There are a number of other reasons for going private, most of which are derivative of the foregoing. For example, what qualified person would want to be a board member of a public company in today's climate. However, given the current climate and the issues raised herein, there are compelling reasons for many currently publicly traded companies to consider going private.

[1] A study by Thomas W. Watts, Internet infrastructure analyst at Merrill Lynch. Going back to 1985, Mr. Watts studied the trading of 1,900 publicly held companies spanning the technology sector. He found that of those companies whose stocks had fallen to single digits, only 3.4 percent rebounded to $15 or higher within the next year. Most of those that didn't bounce back in the first year never did." Morgenson, Market Watch, N.Y. Times Business 16 (Apr. 8, 2001).

[2] There is one other exposure item which cannot be ignored. It is likely or at least plausible, that the SEC and the Congress will change the world so that public companies are subjected to a continual duty to update ... to announce fast breaking developments as they occur At the present time, and barring special circumstances, a company can coast from one reporting period to another, relying on disclosures in the periodic SEC reports filed as of a mandated date to inform the public on current developments.

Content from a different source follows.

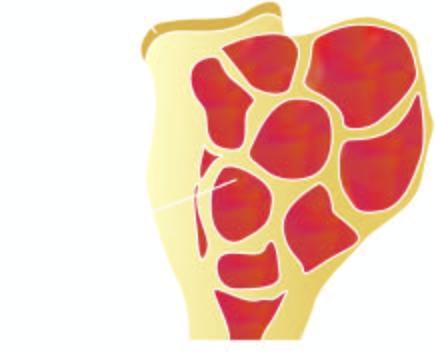where is the end of the long bone expanded?
Answer the question using a single word or phrase. In region of epiphysis 
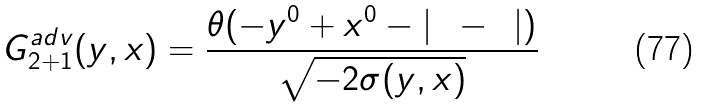Convert formula to latex. <formula><loc_0><loc_0><loc_500><loc_500>G _ { 2 + 1 } ^ { a d v } ( y , x ) = \frac { \theta ( - y ^ { 0 } + x ^ { 0 } - | { \mathbf y } - { \mathbf x } | ) } { \sqrt { - 2 \sigma ( y , x ) } }</formula>

If there is a duty currently to update, the problem is that the management and the boards will have to guess at the date when the report should be filed ... neither too early (perhaps taking into account the contingent nature of an event, such as a merger in the formative stages) or too late. This opens a whole new avenue for the plaintiffs' bar because, in hindsight there is at least a 50 percent chance that the company's educated guess at the appropriate date for the announcement will prove to have been wrong. "You should have told us about the possibility of an oil discovery when the first geological report was sent from Nigeria indicating the possible presence of a pool." "You should have not have announced the merger at the handshake stage because you should have known it would collapse."